InstaCart Basket Analysis
Introduction
Objective
Analyze InstaCart’s user data by conducting an initial data and exploratory analysis and applying machine learning models in order to derive insights and suggestions for InstaCart’s upcoming marketing campaign, as well as to increase overall sales for the company.
Tools
Python | Data wrangling, creating visualizations, and machine learning in Python using libraries such as pandas, seaborn, and sklearn
Excel | Report creation
Jupyter | Markup and notebook management
Data & Limitations
The data that was used for this analysis was published as open source from InstaCart and can be found here. The customer and demographic data was fabricated for the purpose of this analysis and can be downloaded here.
Our analysis is limited in part by the fabrication of customer data.
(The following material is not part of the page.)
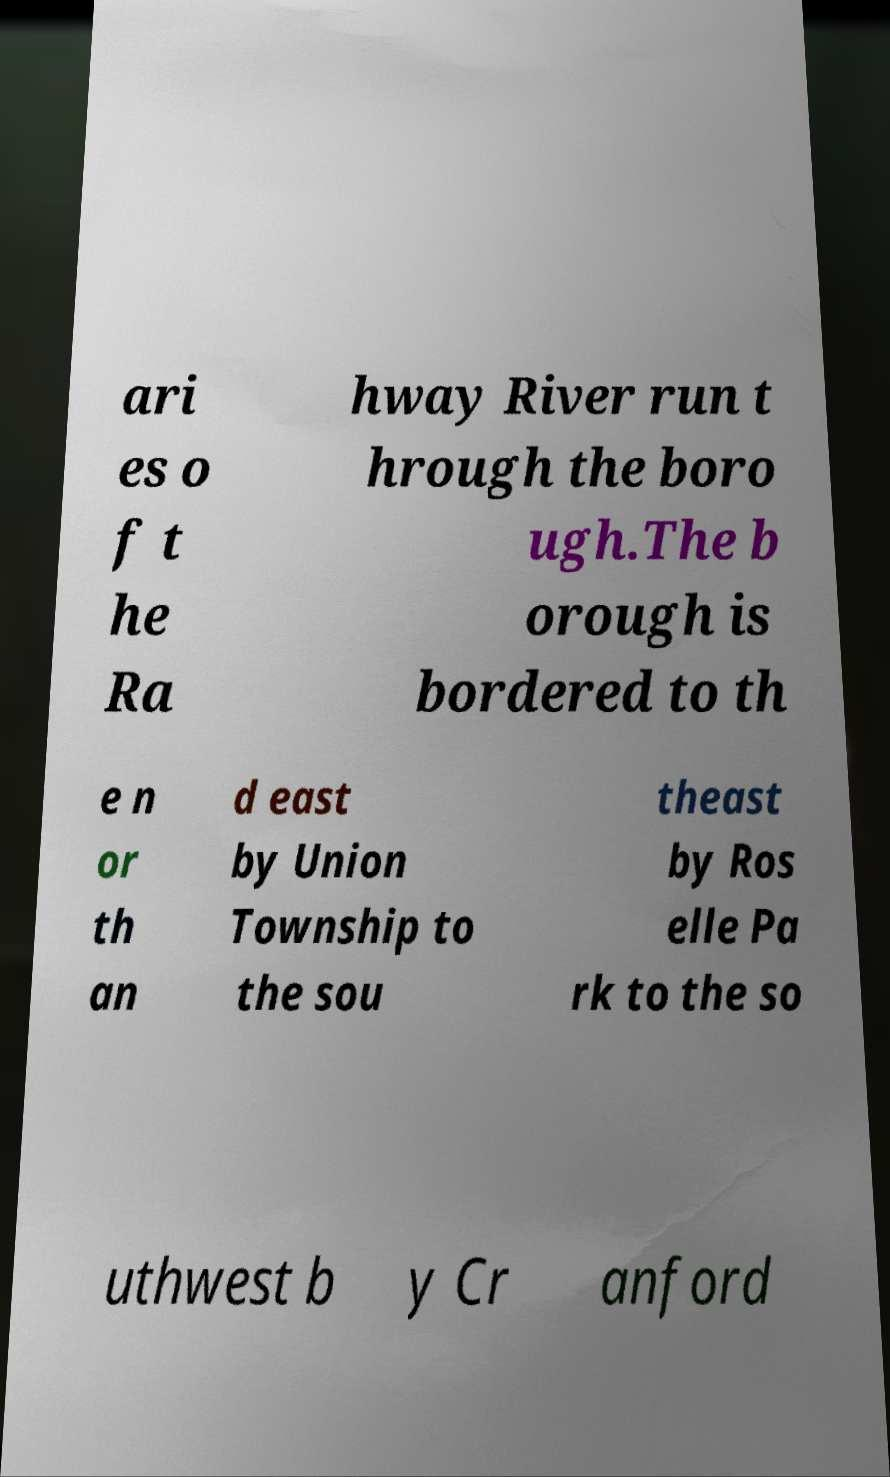Can you accurately transcribe the text from the provided image for me? ari es o f t he Ra hway River run t hrough the boro ugh.The b orough is bordered to th e n or th an d east by Union Township to the sou theast by Ros elle Pa rk to the so uthwest b y Cr anford

In addition, the dataset is only from 2017 and so it hinders any kind of temporal analysis as well as any efforts to mitigate any temporal bias. Lastly, there is limited customer data, thus only so many customer profiles were made.
Methodology
Data Cleaning & Merging
This project began like many others with data cleaning and merging data sets. While the data was quite clean for the most part, there were some slight challenges merging the datasets due to the sheer quantity of data. The full steps of this phase are documented in the Excel report found on my Github.
Customer & Store Profiling
After the final dataset was created, I began to create some analysis variables (e.g. customer loyalty, product price category, and spender type) in order to better explore the customer base and basic store statistics. Many other analysis variables would be made during the course of this project, including ones that would profile customers into different categories (e.g. pet owner, vegetarian).
Visualizations
Once the variables were set, I began to visualize the data to both try to find some insights and to spot any issues I’d have to deal with in the next step. Various kinds of graphs were made, including the ones seen below.
Machine Learning
The last part of the project was definitely the most interesting and challenging for me. The first half comprises the use of an XGBoost Classifier algorithm that tries to see which characteristics lead a user to be a high or a low spender. The second half is a market basket analysis using an apriori algorithm.
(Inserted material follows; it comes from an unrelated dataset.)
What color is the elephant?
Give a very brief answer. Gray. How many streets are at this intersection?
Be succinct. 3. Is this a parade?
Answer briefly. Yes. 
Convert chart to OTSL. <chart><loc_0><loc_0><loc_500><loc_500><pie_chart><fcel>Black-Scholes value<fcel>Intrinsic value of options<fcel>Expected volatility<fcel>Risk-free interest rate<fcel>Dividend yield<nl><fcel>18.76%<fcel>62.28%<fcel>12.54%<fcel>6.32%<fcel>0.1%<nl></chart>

With the XGBoost Classifier algorithm, I was hoping to uncover which characteristics of a user are associated with being a high spender, so that InstaCart would be able to better target those kinds of users. Although the results are not the best, I think that it was still a good exercise for myself since I learned a lot about the application of and preprocessing necessary for machine learning.

The second half was an extension of work done by a data scientist as specified in my Github. My aim was to generate a three item association rule list so that InstaCart could better their recommendation list and in turn sell more products. This process definitely tested my Python skills, and while it was quite difficult I found the process to be fascinating and informative.
Results
Deliverable
The deliverables of this project came in the form of an Excel report.
Main Insights
The following are some insights developed throughout the course of the project:

“The highest departments by order frequency, in order, are: produce, dairy eggs, snacks, beverages, and frozen.

Since our users buy a lot of items that require extra care when delivering, like eggs and frozen items. We should ensure that we are taking the proper precautions and measures in delivering these items, and let the user know of these measures and precautions.

Our users also buy many items that seem to be consumed on a weekly basis, or have a shorter shelf life, like produce, so we could consider allowing the user to create a subscription ordering method so they can get set orders every week.”

“In terms of price of item, users tend to buy higher priced items between the hours of 12am to 6am and from 5pm to 11pm

In terms of the quantity of higher priced items bought, users buy the most quantity between 10am to 3pm.

Lastly, in terms of median cost of order, users spend the most money between 7pm and 11pm.

As shown in the visualizations tab, we would want to advertise mid-range products during the day, from 8am to 5pm. While advertising more expensive products either in the early morning or later at night (after 7pm).”